▶ _Available records_:
-=-=-=-=-

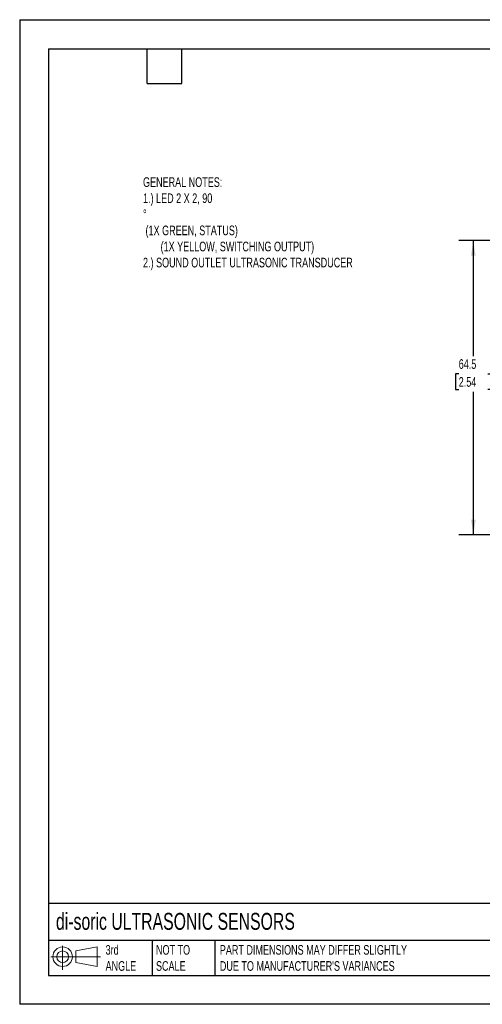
# Model space of a CAD drawing. Header units: millimetres. Extents: x 0 to 210, y 0 to 162.
# Tile 1 of 3: x 0 to 76, y 0 to 162. Entities that reach past the tile are written whole.
import ezdxf

# ---------------------------------------------------------------- set-up
doc = ezdxf.new("R2010")
doc.units = ezdxf.units.MM
doc.header["$LTSCALE"] = 0.75
doc.layers.add('DIMENSIONS', color=140, linetype='Continuous', lineweight=25)
doc.layers.add('TEXT', color=140, linetype='Continuous', lineweight=25)
doc.styles.add('SLDTEXTSTYLE0', font='TXT', dxfattribs={"width": 0.7})
doc.dimstyles.new('SLDDIMSTYLE3', dxfattribs={"dimtxt": 1.618506, "dimasz": 2.4765, "dimexe": 0, "dimexo": 0.0625, "dimgap": 0.404626, "dimtad": 0, "dimtih": 1, "dimtoh": 1, "dimdec": 1, "dimlfac": 1.333333, "dimrnd": 1e-09, "dimzin": 12, "dimdsep": 46, "dimtxsty": 'SLDTEXTSTYLE0', "dimsah": 1, "dimcen": 0.09, "dimadec": 0, "dimazin": 3, "dimtfac": 1, "dimtdec": 1, "dimtofl": 0, "dimtmove": 0, "dimatfit": 3, "dimfxl": 0, "dimfrac": 2, "dimtolj": 1, "dimtzin": 12, "dimarcsym": 0})

# ---------------------------------------------------------------- blocks, each defined once
blk = doc.blocks.new('Block11')
at = {"color": 7, "linetype": 'Continuous', "lineweight": 18}
for p, q in [((1.94, 3.98), (1.94, 0)), ((4.11, 3.13), (7.63, 3.77)), ((7.63, 3.77), (7.63, 0.55)), ((0, 2.16), (8.16, 2.16)), ((4.11, 1.2), (4.11, 3.13)), ((4.11, 1.2), (7.63, 0.55))]:
    blk.add_line(p, q, dxfattribs=at)
for radius in [1.61, 0.964]:
    blk.add_circle((1.94, 2.16), radius, dxfattribs=at)
blk = doc.blocks.new('Block12')
at = {"color": 7, "linetype": 'Continuous'}
blk.add_blockref('Block11', (0, 0), dxfattribs=at)
blk = doc.blocks.new('_D_3')
at = {"layer": 'DIMENSIONS'}
for p, q in [((99.43, 125.61), (72.26, 125.6)), ((74.64, 125.6), (74.64, 106.61)), ((72.24, 103.68), (71.7, 103.68)), ((71.7, 103.68), (71.7, 101.1)), ((77.05, 103.68), (77.59, 103.68)), ((77.59, 103.68), (77.59, 101.1)), ((71.7, 101.1), (72.24, 101.1)), ((74.65, 77.23), (74.65, 100.74)), ((77.59, 101.1), (77.05, 101.1)), ((99.45, 77.23), (72.27, 77.23))]:
    blk.add_line(p, q, dxfattribs=at)
for points in [[(74.64, 125.6), (74.26, 123.13), (75.02, 123.13)], [(74.65, 77.23), (75.03, 79.71), (74.27, 79.71)]]:
    blk.add_solid(points, dxfattribs=at)
at = {"layer": 'DIMENSIONS', "char_height": 1.587, "attachment_point": 1, "style": 'SLDTEXTSTYLE0'}
for s, insert in [('64.5', (72.24, 106.09)), ('2.54', (72.24, 103.15))]:
    blk.add_mtext(s, dxfattribs=dict(at, insert=insert))

msp = doc.modelspace()

# ---------------------------------------------------------------- linework, layer by layer
at = {"color": 7, "linetype": 'Continuous'}
for p, q in [((0.002, 161.927), (0.002, 0.002)), ((0.002, 161.927), (209.552, 161.927)), ((209.552, 0.002), (0.002, 0.002))]:
    msp.add_line(p, q, dxfattribs=at)
at = {"layer": 'TEXT'}
for p, q in [((4.762, 157.162), (204.787, 157.162)), ((4.762, 157.162), (4.762, 4.762)), ((20.955, 151.447), (20.955, 157.162)), ((26.67, 151.447), (26.67, 157.162)), ((20.955, 151.447), (26.67, 151.447)), ((204.787, 16.595), (4.762, 16.595)), ((204.787, 10.477), (4.762, 10.477)), ((21.784, 10.477), (21.784, 4.762)), ((32.128, 10.477), (32.128, 4.762)), ((4.762, 4.762), (204.787, 4.762))]:
    msp.add_line(p, q, dxfattribs=at)

# ---------------------------------------------------------------- block references
msp.add_blockref('Block12', (5.128, 5.665), dxfattribs=at)

# ---------------------------------------------------------------- texts
at = {"layer": 'TEXT', "attachment_point": 1, "style": 'SLDTEXTSTYLE0'}
for s, insert, char_height in [('GENERAL NOTES:^J1.) LED 2 X 2, 90^J%%d^J (1X GREEN, STATUS)^J       (1X YELLOW, SWITCHING OUTPUT)^J2.) SOUND OUTLET ULTRASONIC TRANSDUCER', (20.296, 136.009), 1.5875), ('di-soric ULTRASONIC SENSORS', (5.974, 15.034), 2.77813), ('3rd^JANGLE', (14.138, 9.747), 1.5875), ('NOT TO^JSCALE', (22.43, 9.747), 1.5875), ("PART DIMENSIONS MAY DIFFER SLIGHTLY ^JDUE TO MANUFACTURER'S VARIANCES", (32.934, 9.747), 1.5875)]:
    msp.add_mtext(s, dxfattribs=dict(at, insert=insert, char_height=char_height))

# ---------------------------------------------------------------- dimensions: what is measured, and where the dimension line sits
at = {"layer": 'DIMENSIONS'}
dim = msp.add_linear_dim(base=(74.642, 125.605), p1=(100.405, 77.233), p2=(100.38, 125.608), angle=270.00741, dimstyle='SLDDIMSTYLE3', dxfattribs=at)
dim.commit()
dim.dimension.update_dxf_attribs({"geometry": '_D_3', "text_midpoint": (74.645, 103.676), "dimtype": 160})

doc.saveas('drawing.dxf')

-=-=-=-=-

▶ _Work item_: In the copy, include every line of the records exactly and none of the images.

▶ _Task solution_:
# Model space of a CAD drawing. Header units: millimetres. Extents: x 0 to 210, y 0 to 162.
# Tile 1 of 3: x 0 to 76, y 0 to 162. Entities that reach past the tile are written whole.
import ezdxf

# ---------------------------------------------------------------- set-up
doc = ezdxf.new("R2010")
doc.units = ezdxf.units.MM
doc.header["$LTSCALE"] = 0.75
doc.layers.add('DIMENSIONS', color=140, linetype='Continuous', lineweight=25)
doc.layers.add('TEXT', color=140, linetype='Continuous', lineweight=25)
doc.styles.add('SLDTEXTSTYLE0', font='TXT', dxfattribs={"width": 0.7})
doc.dimstyles.new('SLDDIMSTYLE3', dxfattribs={"dimtxt": 1.618506, "dimasz": 2.4765, "dimexe": 0, "dimexo": 0.0625, "dimgap": 0.404626, "dimtad": 0, "dimtih": 1, "dimtoh": 1, "dimdec": 1, "dimlfac": 1.333333, "dimrnd": 1e-09, "dimzin": 12, "dimdsep": 46, "dimtxsty": 'SLDTEXTSTYLE0', "dimsah": 1, "dimcen": 0.09, "dimadec": 0, "dimazin": 3, "dimtfac": 1, "dimtdec": 1, "dimtofl": 0, "dimtmove": 0, "dimatfit": 3, "dimfxl": 0, "dimfrac": 2, "dimtolj": 1, "dimtzin": 12, "dimarcsym": 0})

# ---------------------------------------------------------------- blocks, each defined once
blk = doc.blocks.new('Block11')
at = {"color": 7, "linetype": 'Continuous', "lineweight": 18}
for p, q in [((1.94, 3.98), (1.94, 0)), ((4.11, 3.13), (7.63, 3.77)), ((7.63, 3.77), (7.63, 0.55)), ((0, 2.16), (8.16, 2.16)), ((4.11, 1.2), (4.11, 3.13)), ((4.11, 1.2), (7.63, 0.55))]:
    blk.add_line(p, q, dxfattribs=at)
for radius in [1.61, 0.964]:
    blk.add_circle((1.94, 2.16), radius, dxfattribs=at)
blk = doc.blocks.new('Block12')
at = {"color": 7, "linetype": 'Continuous'}
blk.add_blockref('Block11', (0, 0), dxfattribs=at)
blk = doc.blocks.new('_D_3')
at = {"layer": 'DIMENSIONS'}
for p, q in [((99.43, 125.61), (72.26, 125.6)), ((74.64, 125.6), (74.64, 106.61)), ((72.24, 103.68), (71.7, 103.68)), ((71.7, 103.68), (71.7, 101.1)), ((77.05, 103.68), (77.59, 103.68)), ((77.59, 103.68), (77.59, 101.1)), ((71.7, 101.1), (72.24, 101.1)), ((74.65, 77.23), (74.65, 100.74)), ((77.59, 101.1), (77.05, 101.1)), ((99.45, 77.23), (72.27, 77.23))]:
    blk.add_line(p, q, dxfattribs=at)
for points in [[(74.64, 125.6), (74.26, 123.13), (75.02, 123.13)], [(74.65, 77.23), (75.03, 79.71), (74.27, 79.71)]]:
    blk.add_solid(points, dxfattribs=at)
at = {"layer": 'DIMENSIONS', "char_height": 1.587, "attachment_point": 1, "style": 'SLDTEXTSTYLE0'}
for s, insert in [('64.5', (72.24, 106.09)), ('2.54', (72.24, 103.15))]:
    blk.add_mtext(s, dxfattribs=dict(at, insert=insert))

msp = doc.modelspace()

# ---------------------------------------------------------------- linework, layer by layer
at = {"color": 7, "linetype": 'Continuous'}
for p, q in [((0.002, 161.927), (0.002, 0.002)), ((0.002, 161.927), (209.552, 161.927)), ((209.552, 0.002), (0.002, 0.002))]:
    msp.add_line(p, q, dxfattribs=at)
at = {"layer": 'TEXT'}
for p, q in [((4.762, 157.162), (204.787, 157.162)), ((4.762, 157.162), (4.762, 4.762)), ((20.955, 151.447), (20.955, 157.162)), ((26.67, 151.447), (26.67, 157.162)), ((20.955, 151.447), (26.67, 151.447)), ((204.787, 16.595), (4.762, 16.595)), ((204.787, 10.477), (4.762, 10.477)), ((21.784, 10.477), (21.784, 4.762)), ((32.128, 10.477), (32.128, 4.762)), ((4.762, 4.762), (204.787, 4.762))]:
    msp.add_line(p, q, dxfattribs=at)

# ---------------------------------------------------------------- block references
msp.add_blockref('Block12', (5.128, 5.665), dxfattribs=at)

# ---------------------------------------------------------------- texts
at = {"layer": 'TEXT', "attachment_point": 1, "style": 'SLDTEXTSTYLE0'}
for s, insert, char_height in [('GENERAL NOTES:^J1.) LED 2 X 2, 90^J%%d^J (1X GREEN, STATUS)^J       (1X YELLOW, SWITCHING OUTPUT)^J2.) SOUND OUTLET ULTRASONIC TRANSDUCER', (20.296, 136.009), 1.5875), ('di-soric ULTRASONIC SENSORS', (5.974, 15.034), 2.77813), ('3rd^JANGLE', (14.138, 9.747), 1.5875), ('NOT TO^JSCALE', (22.43, 9.747), 1.5875), ("PART DIMENSIONS MAY DIFFER SLIGHTLY ^JDUE TO MANUFACTURER'S VARIANCES", (32.934, 9.747), 1.5875)]:
    msp.add_mtext(s, dxfattribs=dict(at, insert=insert, char_height=char_height))

# ---------------------------------------------------------------- dimensions: what is measured, and where the dimension line sits
at = {"layer": 'DIMENSIONS'}
dim = msp.add_linear_dim(base=(74.642, 125.605), p1=(100.405, 77.233), p2=(100.38, 125.608), angle=270.00741, dimstyle='SLDDIMSTYLE3', dxfattribs=at)
dim.commit()
dim.dimension.update_dxf_attribs({"geometry": '_D_3', "text_midpoint": (74.645, 103.676), "dimtype": 160})

doc.saveas('drawing.dxf')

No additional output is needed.